Vendée Globe"Wir werden die Weltumsegelung in 60 Tagen erleben"

Tatjana Pokorny

 · 28.01.2021

Vendée Globe: "Wir werden die Weltumsegelung in 60 Tagen erleben"Foto: Boris Herrmann Racing
Boris Herrmann bei der Zielankunft seiner Vendé-Globe-Premiere

Im Yacht-online-Exklusivinterview und bei der ersten deutschen Pressekonferenz sprach Boris Herrmann über das Finale, seine Gegner und ein mögliches Comeback

  Ein Mann, zwei Bengalos: Boris Herrmann strahltFoto: Boris Herrmann Racing / #VG2020
Ein Mann, zwei Bengalos: Boris Herrmann strahlt

Sein deutsches Mobiltelefon hat er erst einen Tag nach der Zielankunft wieder angeschaltet und ist noch lange nicht durch mit dem Lesen der vielen Glückwünsche, Botschaften und Anfragen. Während Boris Herrmann im Zielhafen der Vendée Globe den Trubel und die Emotionen der Ankunft, die Begegnungen mit anderen Teilnehmern und das Wiedersehen mit Familie und Freunden genießt, gibt es daheim in Deutschland am Tag nach seinem Zieldurchgang kaum eine Tageszeitung, die nicht ausführlich und oftmals auch auf dem Titel über seine Leistungen, sein großes Abenteuer und die Vendée Globe berichtet.

  Der erste Vendée-Globe-Skipper aus Deutschland hat seine Premiere bestandenFoto: Boris Herrmann Racing / #VG2020
Der erste Vendée-Globe-Skipper aus Deutschland hat seine Premiere bestanden

Auch das ZDF hat sein Programm für den kommenden Sonntag geändert und zeigt in der "ZDF-Sportreportage – extra" ab 17.10 Uhr eine 45-minütige Dokumentation über Boris Herrmann und die Vendée Globe. In Hamburg hat Niels Annen, Staatsminister im Auswärtigen Amt, bei der Staatskanzlei angeregt, Boris Herrmann für den Verdienstorden der Bundesrepublik Deutschland vorzuschlagen. Dem Hamburger Abendblatt sagte Annen: "Boris Herrmann ist nicht nur ein Ausnahmeathlet. Seine Verantwortung und Vorbildfunktion insbesondere der jüngeren Generation gegenüber nimmt er auch jenseits des Sports sehr ernst."
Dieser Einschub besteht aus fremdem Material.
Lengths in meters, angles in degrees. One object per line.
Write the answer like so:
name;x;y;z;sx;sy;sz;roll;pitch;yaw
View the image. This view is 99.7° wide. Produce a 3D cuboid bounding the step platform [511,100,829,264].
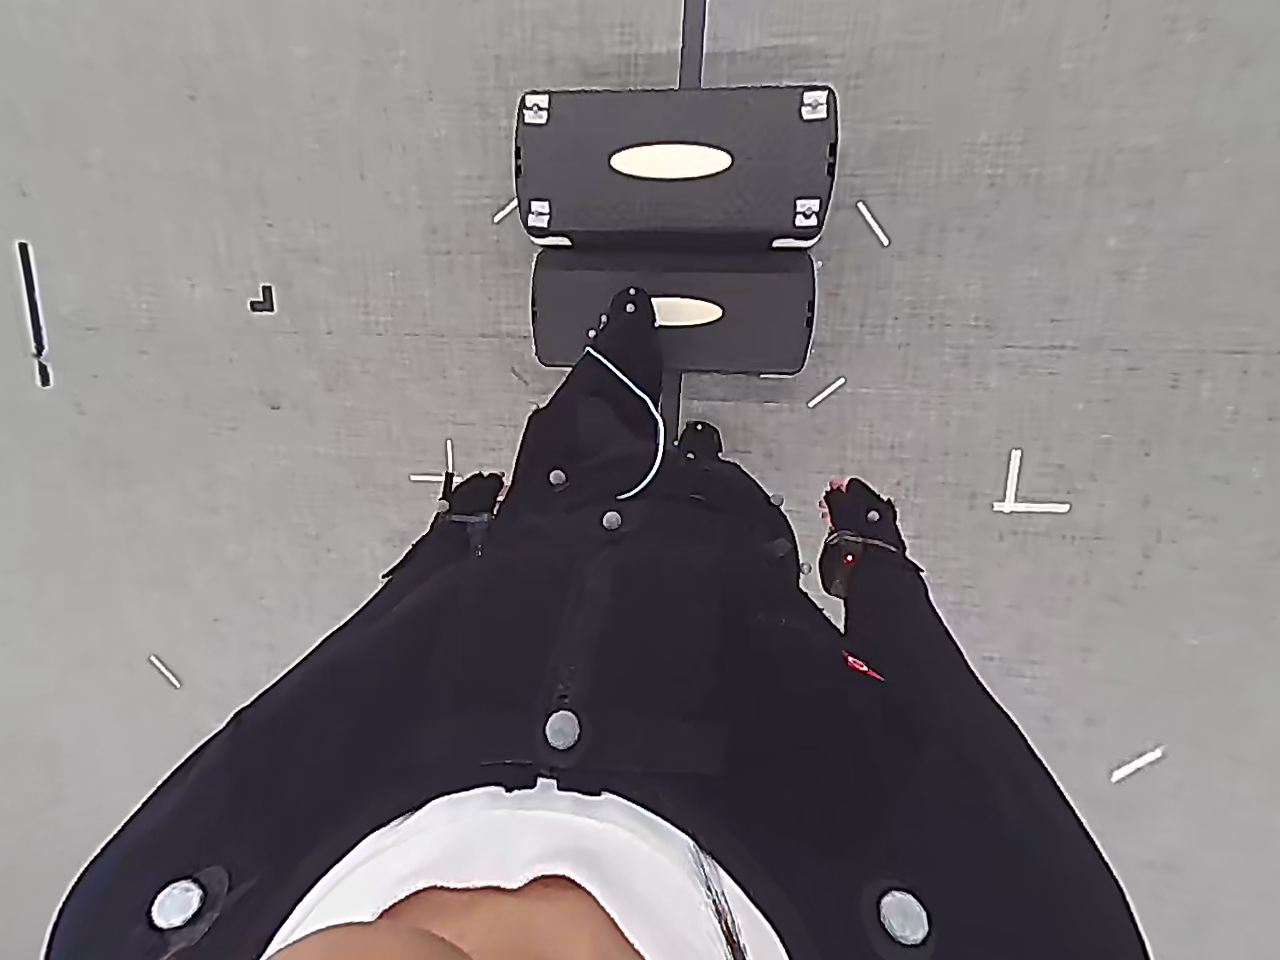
step platform;0.061;-0.650;1.206;0.684;0.204;0.286;2;103;6

Wie der "Seaexplorer - Yacht Club de Monaco"-Skipper das Ende seines großen Abenteuers erlebte

Im Exklusiv-Interview mit YACHT online und bei einer ersten Pressekonferenz mit deutschen Journalisten beantwortete Boris Herrmann am Tag nach seiner Ankunft im Start- und Zielhafen der Vendée Globe viele Fragen. Lesen Sie hier die Antworten des 39-jährigen Skippers der "Seaexplorer – Yacht Club de Monaco" zu aktuellen Themen in Auszügen:

  Angekommen und glücklich: Boris Herrmann in Les Sables-d'OlonneFoto: Boris Herrmann Racing / #VG2020
Angekommen und glücklich: Boris Herrmann in Les Sables-d'Olonne

Zum ersehnten Ankommen am Ende der Vendée-Globe-Premiere:

Ich war voller Energie und sehr, sehr glücklich! Man registriert ganz viel. Das ist die Kraft des Sports, so eine Freude auszulösen. Die ersten, die an Bord kamen, war noch auf See die technische Mannschaft. Es gab dazu ein Corona-Protokoll, das die Zahl auf fünf beschränkt hat. Mein Freund und Teamgründer Pierre Casiraghi war auch dabei. Und unser Boat Captain Stuart McLachlan. Wir haben uns ganz doll umarmt. Es ist ja ein Team-Erfolg, also genauso ihr Erfolg wie meiner. Alle haben so viel Zeit und Energie eingesetzt. Stuart hat fast ein Jahr seine Familie nicht gesehen, weil er in Corona-Zeiten nicht zwischendurch zurück konnte. Das ganze Team hat extrem viel investiert. Sich dann in den Arm zu nehmen, das ist besonders. Meine Frau war bei drei Meter Welle nicht draußen. Sie ist mit unserem Baby auf dem Steg geblieben und nach dem Anlegen zu mir an Bord gekommen. Vor ihr ziehe ich den Hut. Es gibt für eine junge Mutter, die sich in Corona-Zeiten allein ums Baby kümmert, viele Parallelen zu meiner Herausforderung: unterbrochene Nächte, Schlafmangel, Ungewissheiten.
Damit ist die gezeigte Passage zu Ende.